Writers have to figure out a catchy way to lure potential readers to their article with a great feature lead. If a writer is capable of getting a person to read the feature lead than there is a greater chance that the person will read the entire article. Feature leads introduce the article and give a snippet of what to expect of the article. 

Feature leads differ from the traditional hard news summary leads because it enables the writer to be more creative. Instead of giving the the classic who, what, when, where, why, and how, which are the elements of a summary lead in a news story, feature leads have more flexibility and does not attempt to compress the 5 W's and H into one sentence.

An example of a feature lead is presented in an article titled Shaq's Last Hurrah by the Washington Post sports columnist, Michael Wilbon. His article discusses NBA player Shaquille O' Neal possible retirement.

He entices the readers to his article with a story telling like fashion. His feature lead states, 
"First, Shaq was in a suit. He was the only all-star in a suit. And a tie. And it was a special occasion that needed to be formally observed." 

Another example of a feature lead is also seen in a Washington Post article titled You Gotta Love the First Lady.
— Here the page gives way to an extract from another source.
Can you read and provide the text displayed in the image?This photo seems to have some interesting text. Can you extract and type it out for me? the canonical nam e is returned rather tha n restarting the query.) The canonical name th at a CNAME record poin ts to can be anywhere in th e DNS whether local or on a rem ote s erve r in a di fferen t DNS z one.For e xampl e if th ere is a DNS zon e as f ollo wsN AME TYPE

No, Really, You Have No Choice.
Staff Writer, Robin Givhan begins her article with, "The rise of first lady Michelle Obama as an icon--of fashion, black womanhood, working motherhood and middle-class success--has propelled her onto a pedestal that would surely give the average person vertigo." The article continues to discuss Michelle Obama as a person and how she's a role model for women.

Overall, feature leads offer interesting and descriptive ways to begin an article.
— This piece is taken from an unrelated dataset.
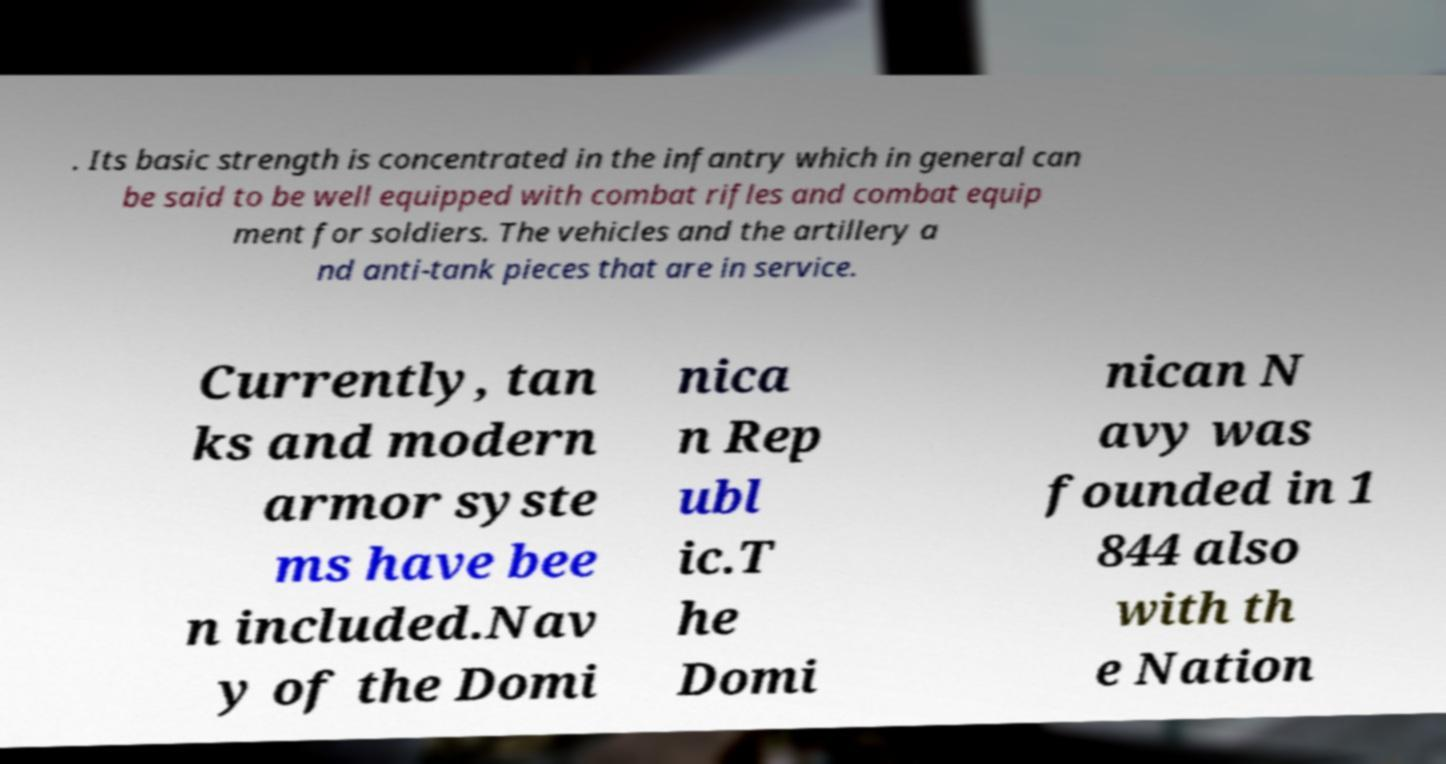For documentation purposes, I need the text within this image transcribed. Could you provide that? . Its basic strength is concentrated in the infantry which in general can be said to be well equipped with combat rifles and combat equip ment for soldiers. The vehicles and the artillery a nd anti-tank pieces that are in service. Currently, tan ks and modern armor syste ms have bee n included.Nav y of the Domi nica n Rep ubl ic.T he Domi nican N avy was founded in 1 844 also with th e Nation

Tuesday, February 10, 2009

Bon Appetite!

If you love pancakes or french style food or food in general then this article titled Crepes- a -Go-Go in Dupont Circle located on the Washington Post website is the perfect read.  

In the middle of the hussle and bussle of Dupont Circle is a restaurant the specializes in crepes.  

The Washington Post staff writer, Jane Black describes the different types of mouth watering crepes that are available at this restaurant, that has a chain of locations in California and Maryland. This article incorporates the writer's opinions and experience at Crepes-a-Go-Go. 

The article had precise details of the look and taste of the various crepes, which made me crave for some food; however, she did not insert interviews or customer opinions. 

Public opinion of the restaurant or the crepes would have been a nice add to this delightful article.

Sunday, February 8, 2009

Beat Blogging

Brainstorming and developing a good school topic for a beat proved to be challenging for me.

I transferred to Towson a year ago and I never felt apart of the community within the university, so I figured doing a beat based on the school would not work out so well.

Since I live in the Bethesda area which is right next door to our nations capital, Washington D.C. I thought a good beat would consist of finding cheap eats and places to see of and around D.C.

I think that this area is great and fun place to explore, and I will try to discover interesting places that most people over look while visiting the area.